I wash the logs off, then bake them in the oven at 350-425 for 15 mins and I've never had any problems with anything, you just have to watch them so they don't catch fire though I've never had any catch fire yet.


----------



## Arachnoholic420 (May 13, 2011)

Soak it for a day or so.... repeat process, until it's completely washed...  then let it dry out... To sterilize you need to bake em, boil em or nuke em!!!! all these methods work!!!

Or use  search! to find out some more answers to your question!!!


Peace!


----------



## esotericman (May 13, 2011)

Boiling cork will not "clean" it.  All the cracks and crevasses are HYDROPHOBIC.  Sink a piece of wood into water, you will see the air bubbles, those act to insulate everything.  Also, boiling anything with some size on it takes so much work, mess, hassle, wasted energy to heat the water...  

Covering in plastic in the sun will do the trick.  When temperatures go up to 160F+ and dessication sets in, you'll have much better luck then any water treatment.  This method also works to kill weed seeds in soil, if the soil is shallow enough and you do not have access to an autoclave or soil steamer.  

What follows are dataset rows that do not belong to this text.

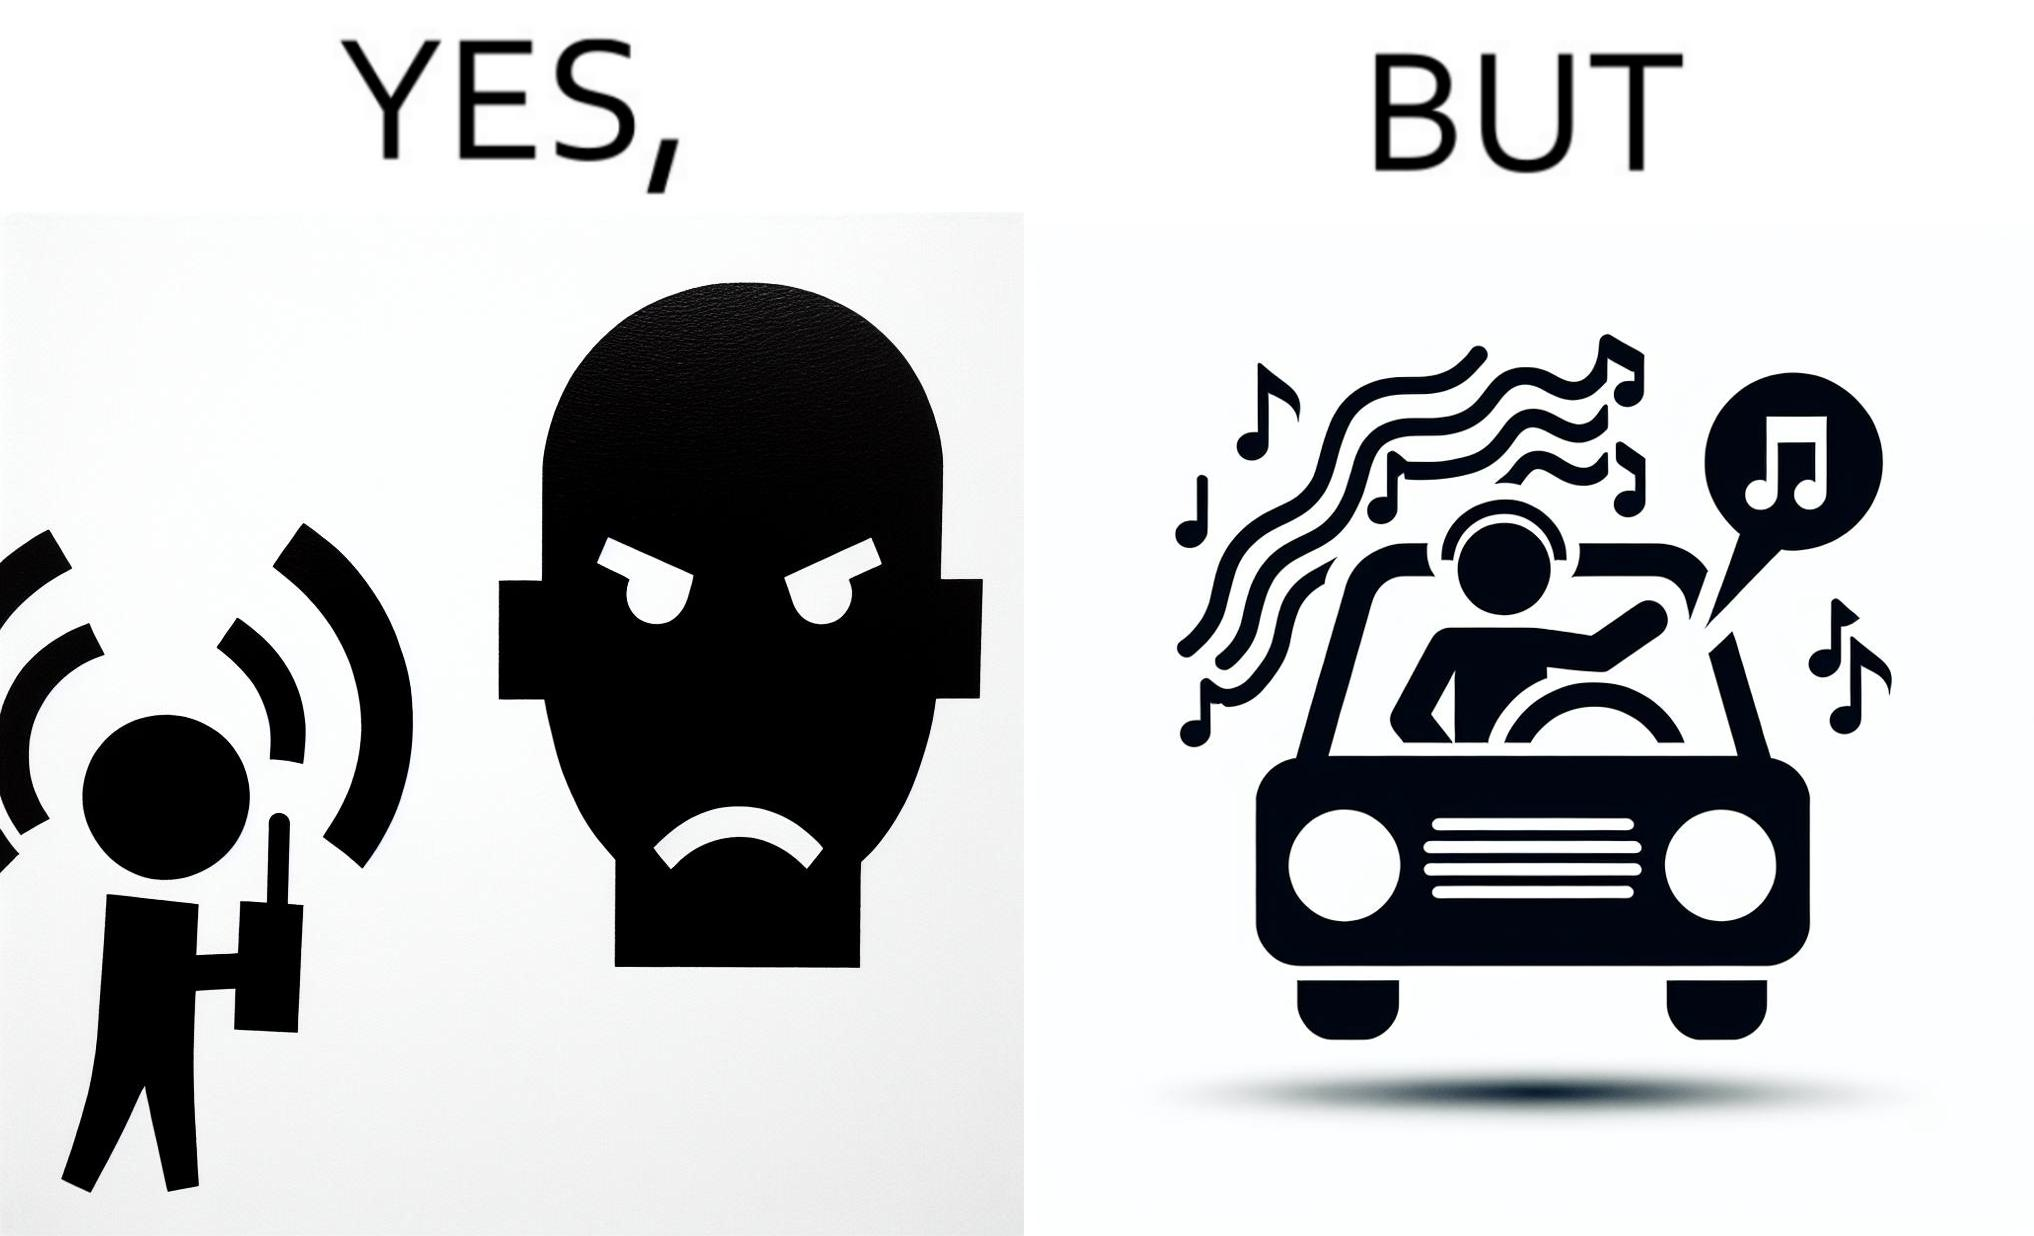Compare the left and right sides of this image. In the left part of the image: The image shows a boy playing music on his phone loudly. The image also shows another man annoyed by the loud music. In the right part of the image: The image shows a man driving a car with the windows of the car rolled down. He has one of his hands on the steering wheel and the other hand hanging out of the window of the driver side of the car. The man is playing loud music in his car with the sound coming out of the car. 
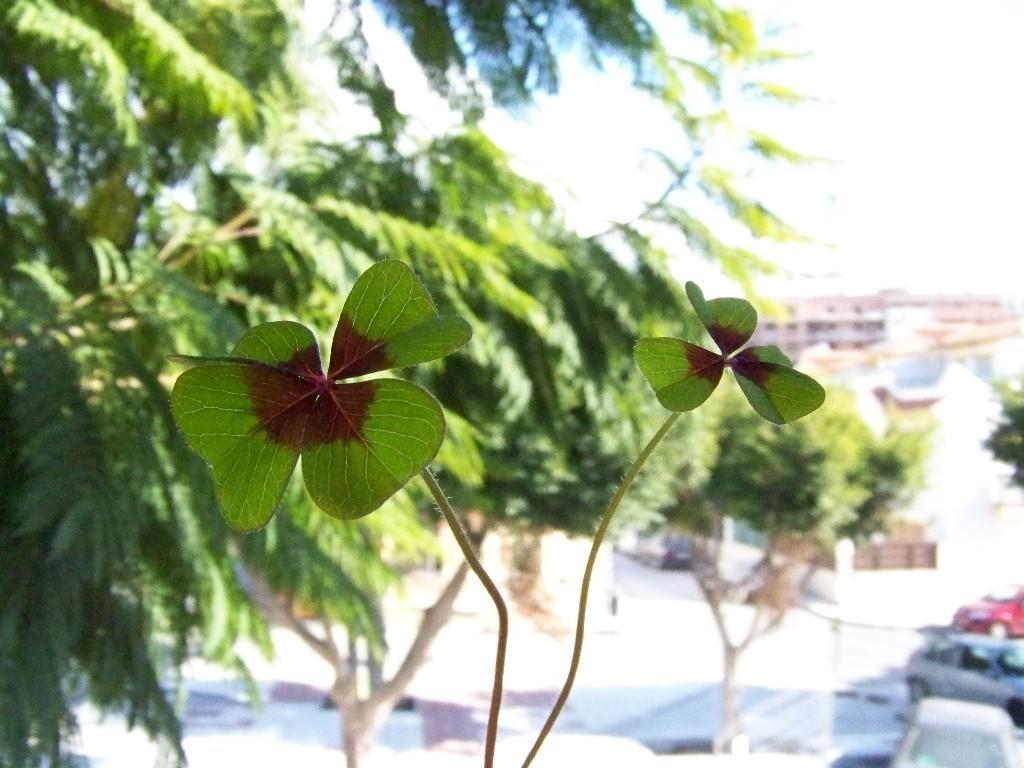Could you give a brief overview of what you see in this image? In this picture there are few leaves of a plant which has red color in between it and there is a tree in the left corner and there are few buildings and vehicles in the right corner. 
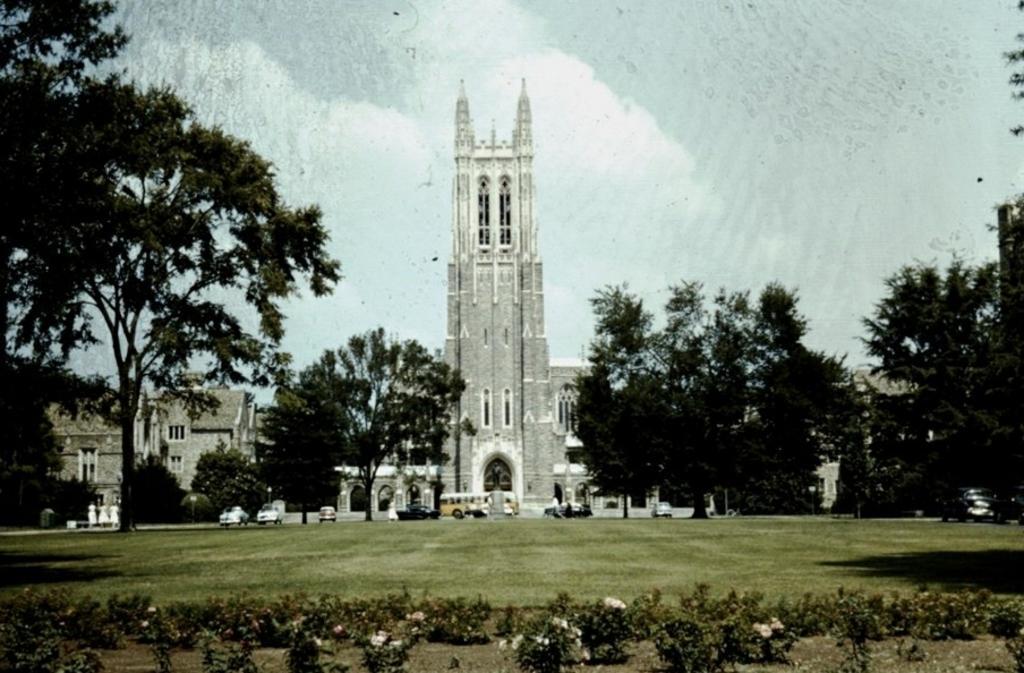Can you describe this image briefly? In this image we can see buildings, motor vehicles, bins, benches, trees and ground. In addition to this we can see sky with clouds, bushes and mud. 
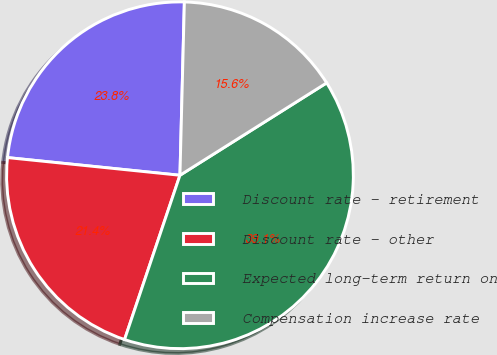Convert chart to OTSL. <chart><loc_0><loc_0><loc_500><loc_500><pie_chart><fcel>Discount rate - retirement<fcel>Discount rate - other<fcel>Expected long-term return on<fcel>Compensation increase rate<nl><fcel>23.78%<fcel>21.45%<fcel>39.12%<fcel>15.65%<nl></chart> 
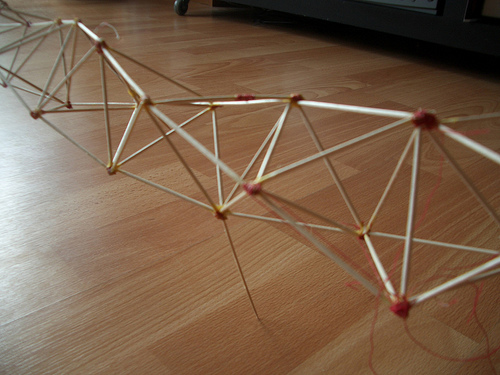<image>
Is the stick to the left of the stick? No. The stick is not to the left of the stick. From this viewpoint, they have a different horizontal relationship.

Personally, I don't bother with doing anything more than just letting stuff sit in my car in the summer heat for a few weeks.


----------



## anirwin (May 13, 2011)

This was very helpful. I was wanting to make my enclosures more natural and make it in a cheap manner. I have no problems buying from the store but it's kinda expensive. 

My boyfriend doesn't think I should use real stuff because he's afraid it will decompose. Does anyone know the rate of decomposition for wood in an enclosure?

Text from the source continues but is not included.